Exercise prompt ▸
Go to the line holding "The image spans 48.3° horizontally." in the entries below and write out exactly every line down to and including the line holding "Example of the".

Source records ▸
══════════
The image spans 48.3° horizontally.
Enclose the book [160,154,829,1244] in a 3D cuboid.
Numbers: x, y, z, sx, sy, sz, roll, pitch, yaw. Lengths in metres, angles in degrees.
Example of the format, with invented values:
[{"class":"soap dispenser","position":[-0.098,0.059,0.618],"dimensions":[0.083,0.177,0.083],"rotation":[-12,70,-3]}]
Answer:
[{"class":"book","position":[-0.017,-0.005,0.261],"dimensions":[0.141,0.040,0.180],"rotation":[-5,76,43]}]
══════════
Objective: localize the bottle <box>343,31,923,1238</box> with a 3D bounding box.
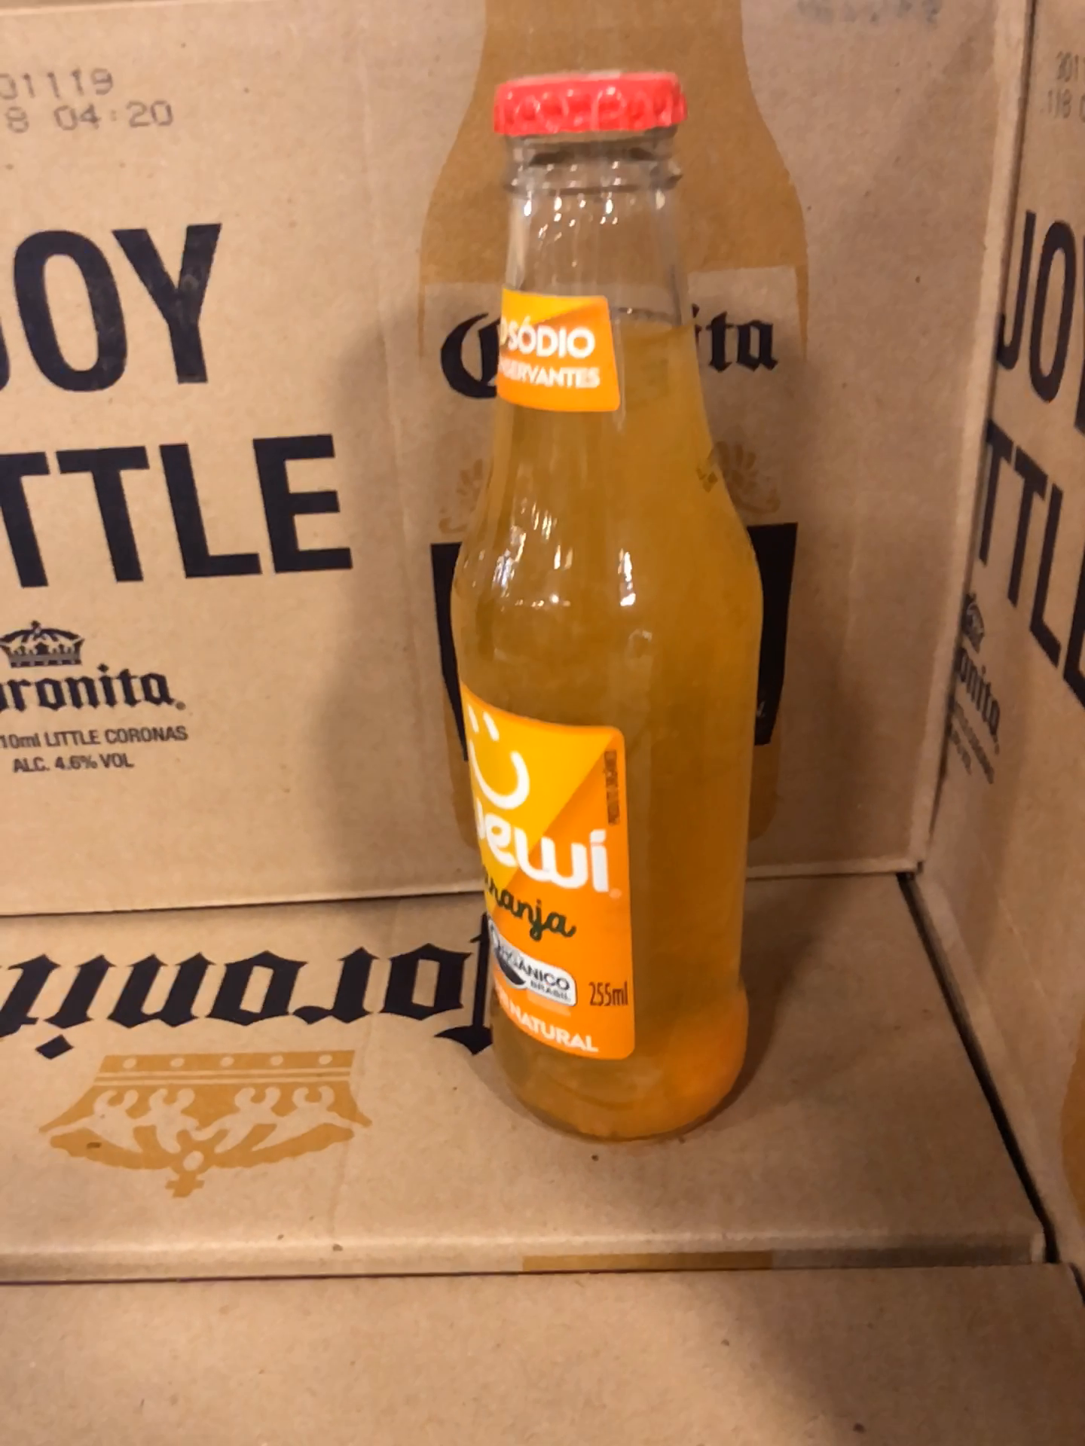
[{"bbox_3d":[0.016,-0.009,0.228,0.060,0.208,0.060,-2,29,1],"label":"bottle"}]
══════════
Finished exercise ▸
The image spans 48.3° horizontally.
Enclose the book [160,154,829,1244] in a 3D cuboid.
Numbers: x, y, z, sx, sy, sz, roll, pitch, yaw. Lengths in metres, angles in degrees.
Example of the format, with invented values:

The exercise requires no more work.